Читаем Структура научных революций полностью

Но поскольку химия рассматривалась под таким углом зрения, химические явления стали примерами законов, отличных от тех, которые возникли с принятием новой парадигмы Дальтона. В частности, пока растворы рассматривались как соединения, никакие химические эксперименты, сколько бы их ни ставили, не могли сами по себе привести к закону кратных отношений. В конце XVIII века было широко известно, что некоторые соединения, как правило, характеризовались кратными весовыми отношениями своих компонентов. Для некоторых категорий реакций немецкий химик Рихтер получил даже дополнительные закономерности, в настоящее время включаемые в закон химических эквивалентов[130]. Но ни один химик не использовал эти закономерности, если не считать рецепты, и ни один из них почти до конца века не подумал о том, чтобы обобщить их. Если и наблюдались очевидные контрпримеры, подобно стеклу или растворению соли в воде, то всё же ни одно обобщение не было возможно без отказа от теории сродства и без перестройки концептуальных границ области химических явлений. Такое заключение стало неизбежным к самому концу столетия после знаменитой дискуссии между французскими химиками Прустом и Бертолле. Первый заявлял, что все химические реакции совершались в постоянных пропорциях, а второй отрицал это. Каждый подобрал внушительное экспериментальное подтверждение для своей точки зрения. Тем не менее два учёных спорили друг с другом, хотя результаты их дискуссии были совершенно неубедительны. Там, где Бертолле видел соединение, которое могло менять пропорции входящих в него компонентов, Пруст видел только физическую смесь[131]. Этот вопрос невозможно было удовлетворительно решить ни экспериментом, ни изменением конвенционального определения. Два исследователя столь же фундаментально расходились друг с другом, как Галилей и Аристотель.

Такова была ситуация в те годы, когда Дальтон предпринял исследование, которое в конце концов привело его к знаменитой атомистической теории в химии. Но до самых последних стадий этих исследований Дальтон не был химиком и не интересовался химией. Он был метеорологом, интересующимся (для себя) физическими проблемами абсорбции газов в воде и воды в атмосфере. Частью потому, что его навыки были приобретены для другой специальности, а частично благодаря работе по своей специальности он подходил к этим проблемам с точки зрения парадигмы, отличающейся от парадигмы современных ему химиков. В частности, он рассматривал смесь газов или поглощение газов в воде как физический процесс, в котором виды сродства не играли никакой роли. Поэтому для Дальтона наблюдаемая гомогенность растворов была проблемой, но проблемой, которую, как он полагал, можно решить, если будет возможность определить относительные объёмы и веса различных атомных частиц в его экспериментальной смеси.
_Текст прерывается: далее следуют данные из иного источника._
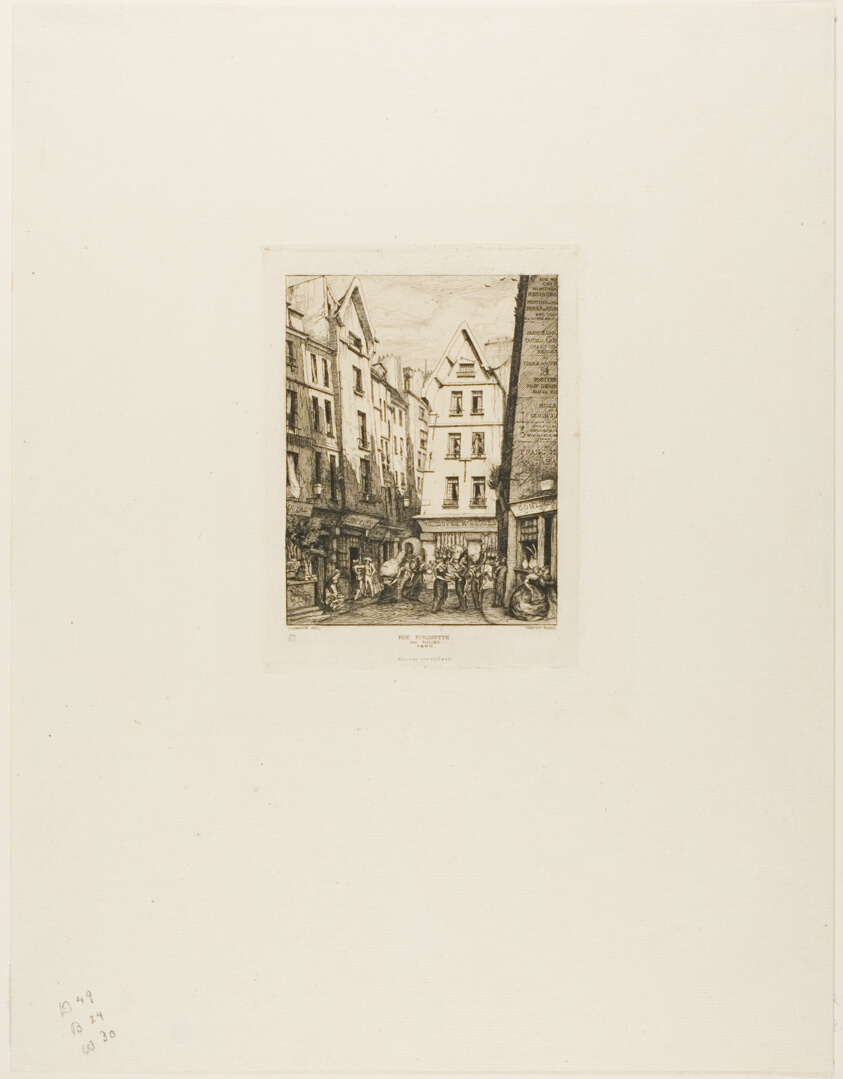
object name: Print
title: Rue Pirouette aux Halles, Paris
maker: Charles Meryon (French, 1821-1868); printed by Auguste Delâtre (French, 1822-1907); after Louis-Marie Laurence (French, 1811-1886)
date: 1860
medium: Etching and drypoint on ivory laid paper
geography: France
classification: etching; print; prints and drawing

Требовалось определить эти размеры и веса. Но данная задача заставила Дальтона в конце концов обратиться к химии, подсказав ему с самого начала предположение, что в некотором ограниченном ряде реакций, рассматриваемых как химические, атомы могут комбинироваться только в отношении один к одному или в некоторой другой простой, целочисленной пропорции[132]. Это естественное предположение помогло ему определить размеры и веса элементарных частиц, но зато превратило закон постоянства отношений в тавтологию. Для Дальтона любая реакция, компоненты которой не подчинялись кратным отношениям, не была ещё ipso facto[133] чисто химическим процессом. Закон, который нельзя было установить экспериментально до работы Дальтона, с признанием этой работы становится конститутивным принципом, в силу которого ни один ряд химических измерений не может быть нарушен. После работ Дальтона те же, что и раньше, химические эксперименты стали основой для совершенно иных обобщений. Это событие может служить для нас едва ли не лучшим из типичных примеров научной революции.